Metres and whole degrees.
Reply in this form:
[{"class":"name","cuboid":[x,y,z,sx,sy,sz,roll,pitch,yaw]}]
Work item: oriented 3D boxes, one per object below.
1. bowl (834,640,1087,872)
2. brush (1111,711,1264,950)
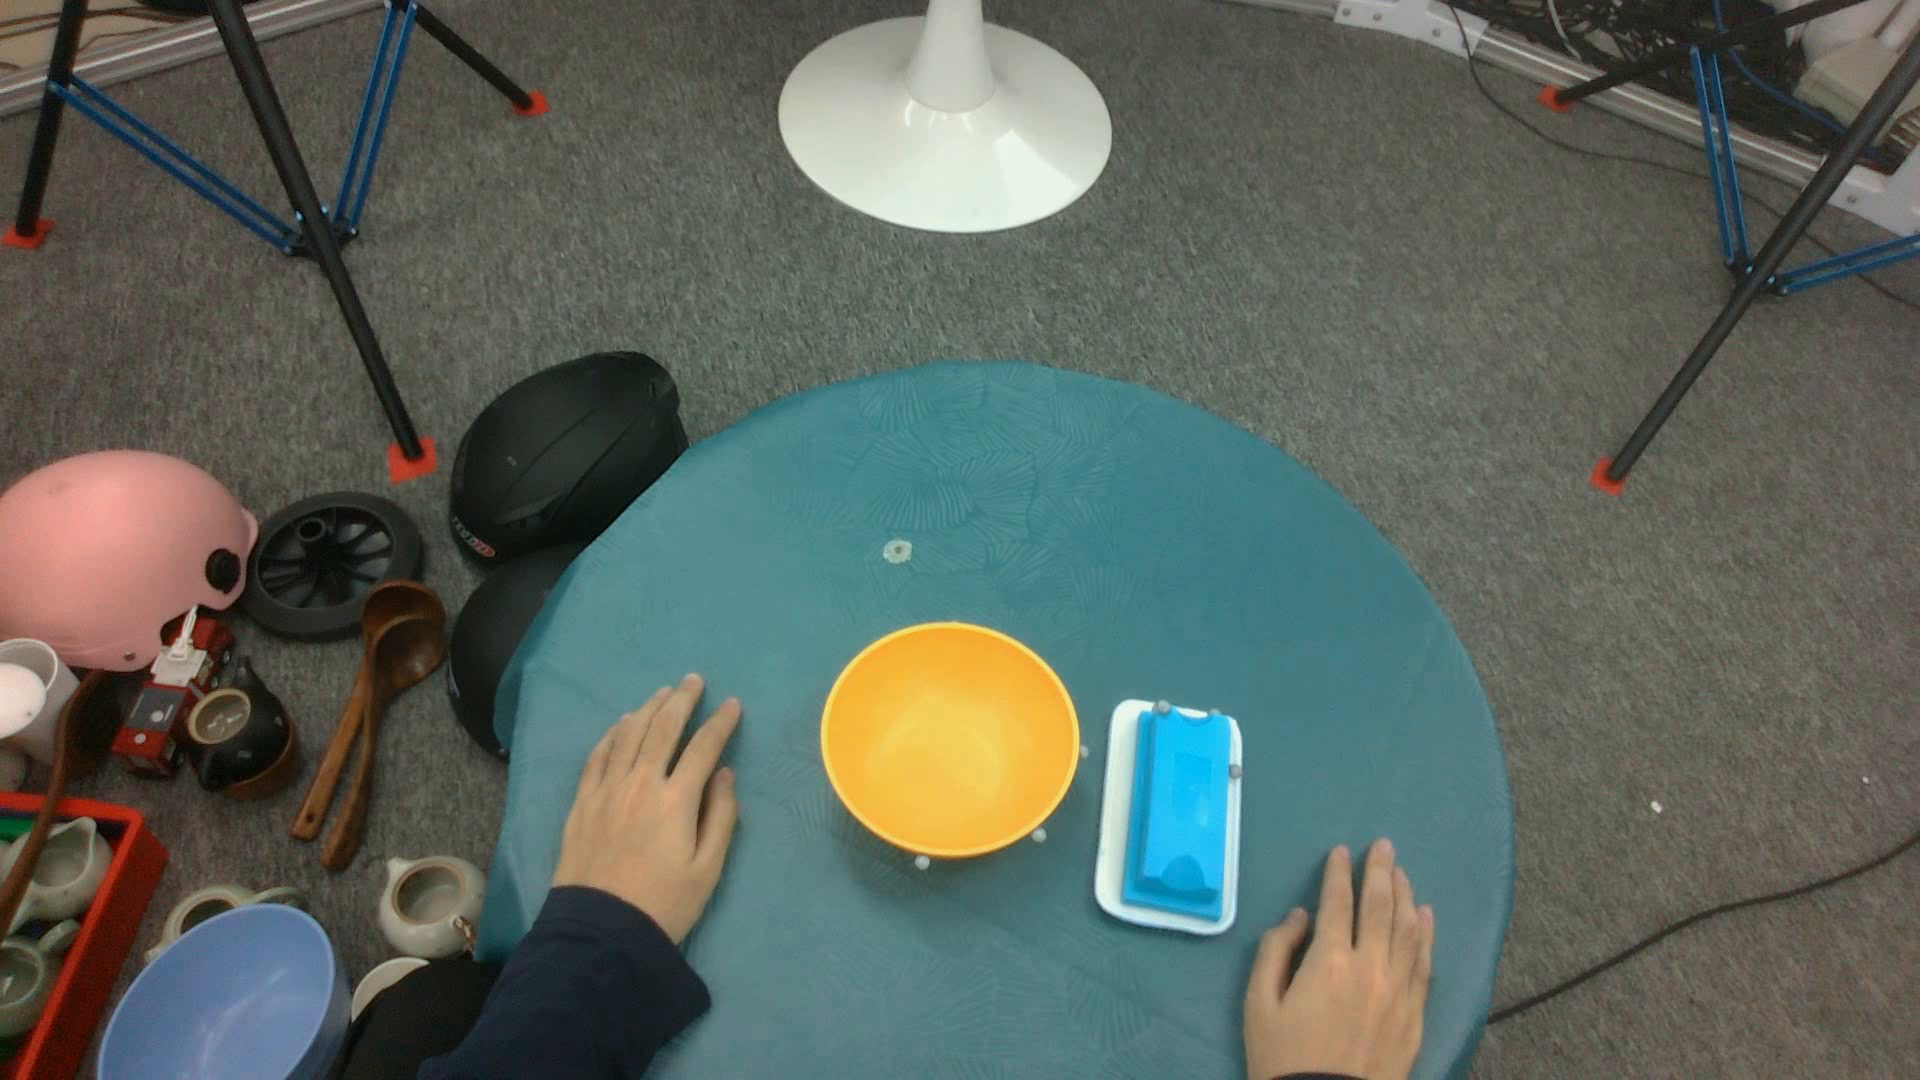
[{"class":"bowl","cuboid":[-0.001,0.134,0.798,0.145,0.060,0.146,2,52,-3]},{"class":"brush","cuboid":[0.134,0.158,0.788,0.084,0.055,0.144,8,52,6]}]
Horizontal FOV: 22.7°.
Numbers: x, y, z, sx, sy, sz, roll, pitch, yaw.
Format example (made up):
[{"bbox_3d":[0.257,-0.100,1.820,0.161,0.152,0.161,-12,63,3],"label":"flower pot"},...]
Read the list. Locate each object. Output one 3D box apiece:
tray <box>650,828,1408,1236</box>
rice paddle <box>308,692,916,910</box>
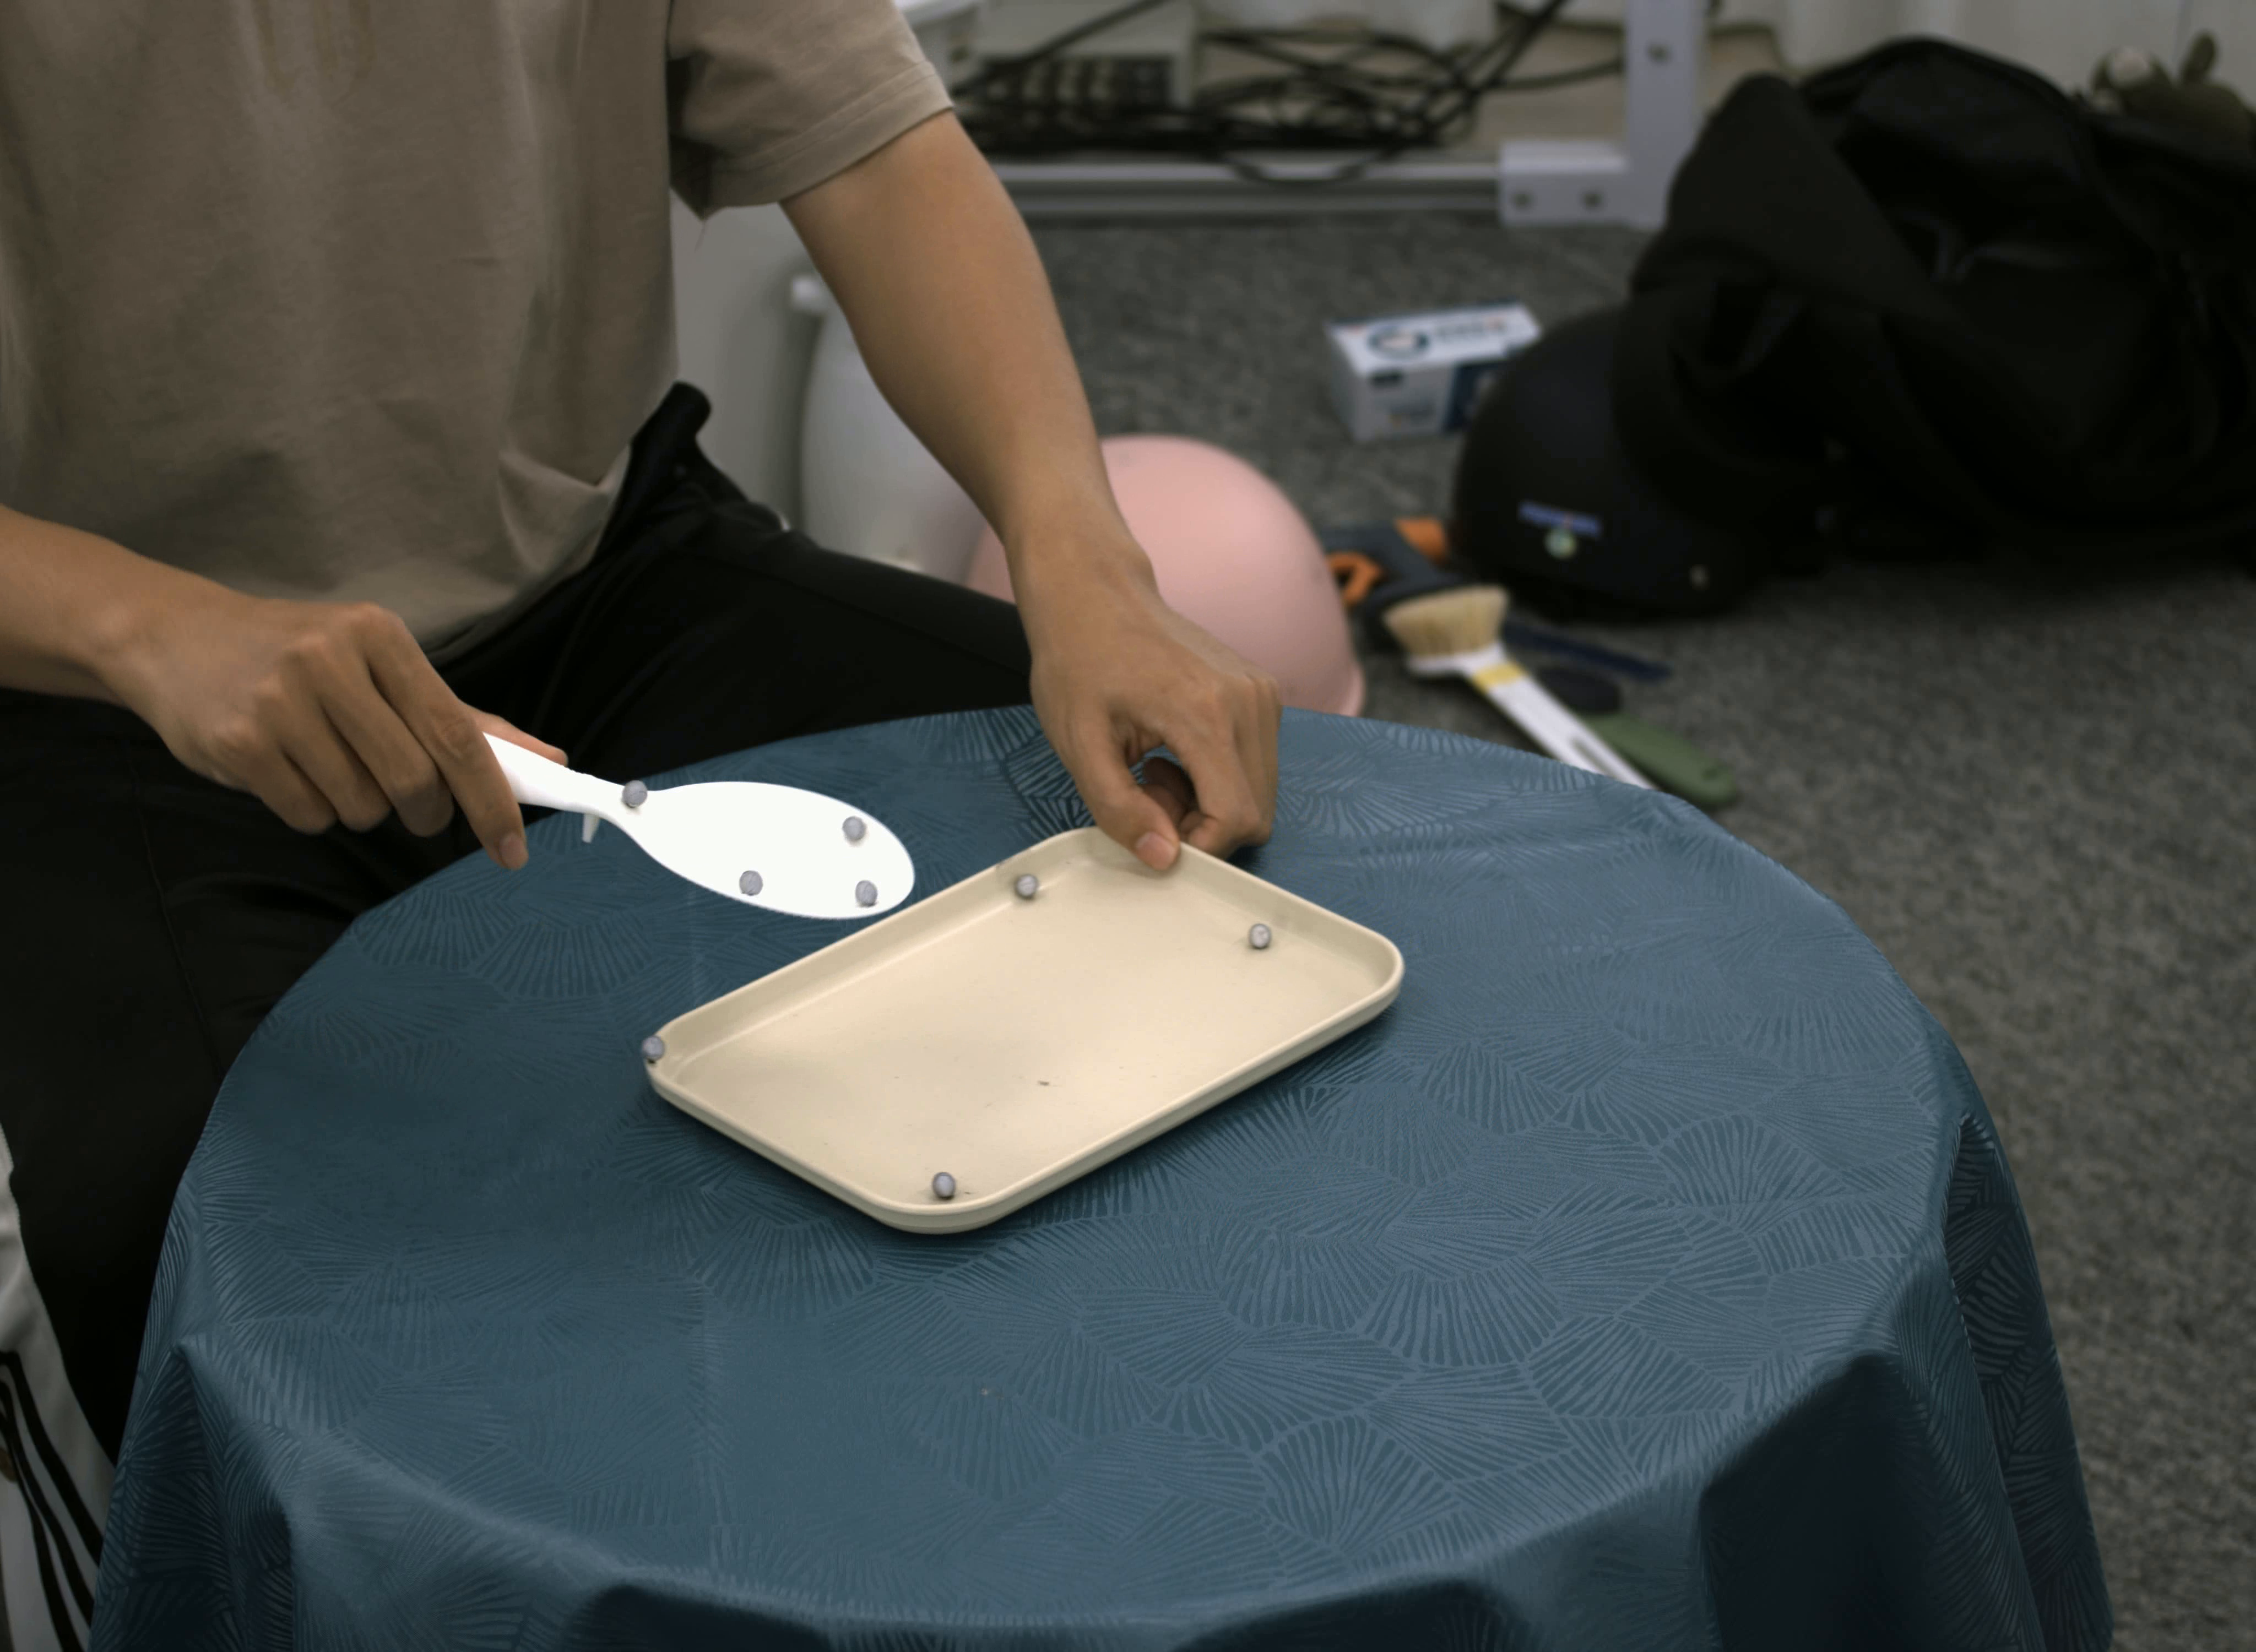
[{"bbox_3d":[-0.033,0.070,1.944,0.242,0.017,0.171,-25,36,-37],"label":"tray"},{"bbox_3d":[-0.169,-0.008,1.860,0.204,0.029,0.070,13,35,4],"label":"rice paddle"}]
____________________
Work order >>
Without including any picture, set down the listing above exactly as it appears.

Reply to the exercise >>
Metres and whole degrees.
Reply in this form:
[{"class":"name","cuboid":[x,y,z,sx,sy,sz,roll,pitch,yaw]}]
Work item: oriented 3D boxes, one per object below.
1. bowl (834,640,1087,872)
2. brush (1111,711,1264,950)
[{"class":"bowl","cuboid":[-0.001,0.134,0.798,0.145,0.060,0.146,2,52,-3]},{"class":"brush","cuboid":[0.134,0.158,0.788,0.084,0.055,0.144,8,52,6]}]
Horizontal FOV: 22.7°.
Numbers: x, y, z, sx, sy, sz, roll, pitch, yaw.
Format example (made up):
[{"bbox_3d":[0.257,-0.100,1.820,0.161,0.152,0.161,-12,63,3],"label":"flower pot"},...]
Read the list. Locate each object. Output one 3D box apiece:
tray <box>650,828,1408,1236</box>
rice paddle <box>308,692,916,910</box>
[{"bbox_3d":[-0.033,0.070,1.944,0.242,0.017,0.171,-25,36,-37],"label":"tray"},{"bbox_3d":[-0.169,-0.008,1.860,0.204,0.029,0.070,13,35,4],"label":"rice paddle"}]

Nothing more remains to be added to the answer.